* [Task statement]
Every line of the listing below must be printed again exactly, apart from its pictures.

——

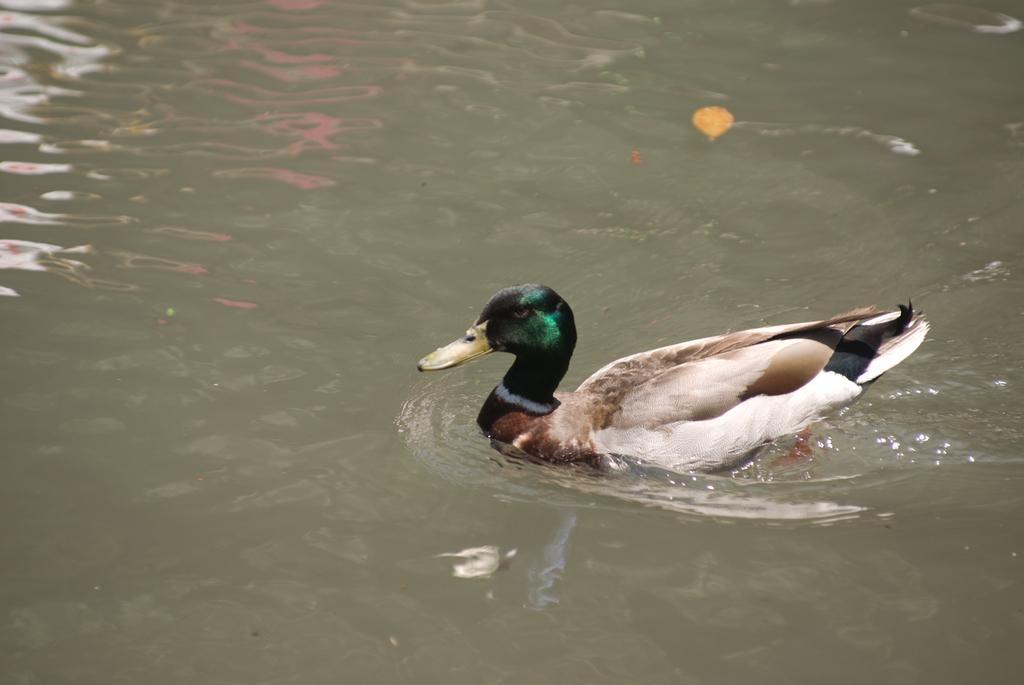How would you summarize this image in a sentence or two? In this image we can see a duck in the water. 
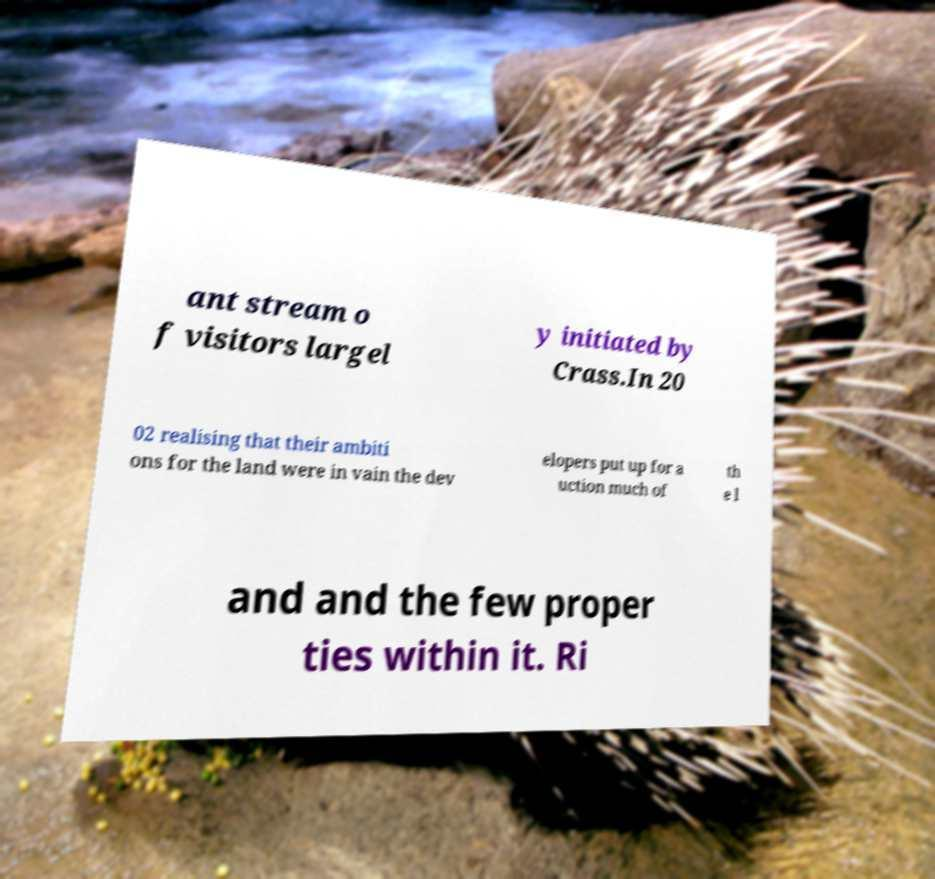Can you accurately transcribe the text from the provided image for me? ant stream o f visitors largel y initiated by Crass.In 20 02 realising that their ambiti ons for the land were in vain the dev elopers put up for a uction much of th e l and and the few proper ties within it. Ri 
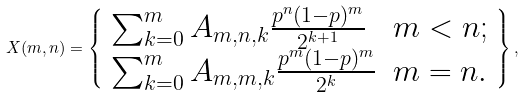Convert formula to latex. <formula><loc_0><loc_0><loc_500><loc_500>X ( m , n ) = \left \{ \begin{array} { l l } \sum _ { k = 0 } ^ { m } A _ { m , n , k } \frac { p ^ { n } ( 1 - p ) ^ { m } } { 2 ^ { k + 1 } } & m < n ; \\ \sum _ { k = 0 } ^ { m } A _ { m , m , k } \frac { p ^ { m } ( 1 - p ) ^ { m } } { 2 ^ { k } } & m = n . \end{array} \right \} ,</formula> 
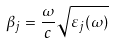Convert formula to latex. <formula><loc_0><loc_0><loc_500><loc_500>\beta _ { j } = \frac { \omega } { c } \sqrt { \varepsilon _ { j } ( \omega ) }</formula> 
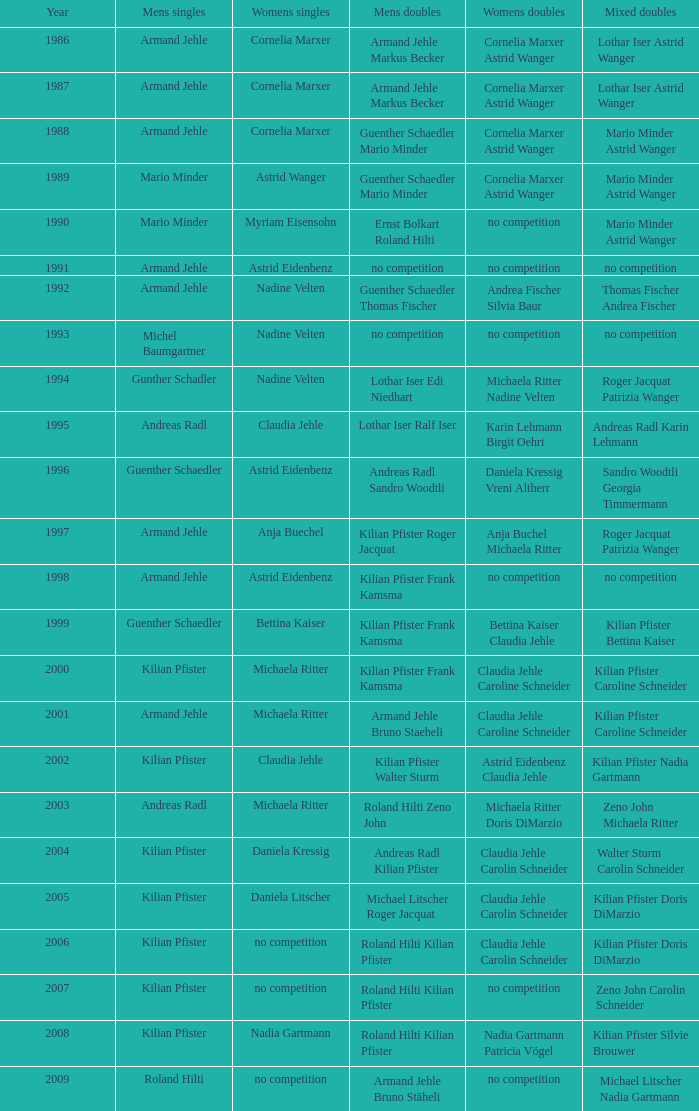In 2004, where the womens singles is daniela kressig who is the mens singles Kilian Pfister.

——

* [Exercise output]
How would you summarize this image in a sentence or two? In this image we can see a duck in the water. 
Can you accurately transcribe the text from the provided image for me? ant stream o f visitors largel y initiated by Crass.In 20 02 realising that their ambiti ons for the land were in vain the dev elopers put up for a uction much of th e l and and the few proper ties within it. Ri 
Convert formula to latex. <formula><loc_0><loc_0><loc_500><loc_500>X ( m , n ) = \left \{ \begin{array} { l l } \sum _ { k = 0 } ^ { m } A _ { m , n , k } \frac { p ^ { n } ( 1 - p ) ^ { m } } { 2 ^ { k + 1 } } & m < n ; \\ \sum _ { k = 0 } ^ { m } A _ { m , m , k } \frac { p ^ { m } ( 1 - p ) ^ { m } } { 2 ^ { k } } & m = n . \end{array} \right \} ,</formula> 
Convert formula to latex. <formula><loc_0><loc_0><loc_500><loc_500>\beta _ { j } = \frac { \omega } { c } \sqrt { \varepsilon _ { j } ( \omega ) }</formula> 
In 2004, where the womens singles is daniela kressig who is the mens singles Kilian Pfister.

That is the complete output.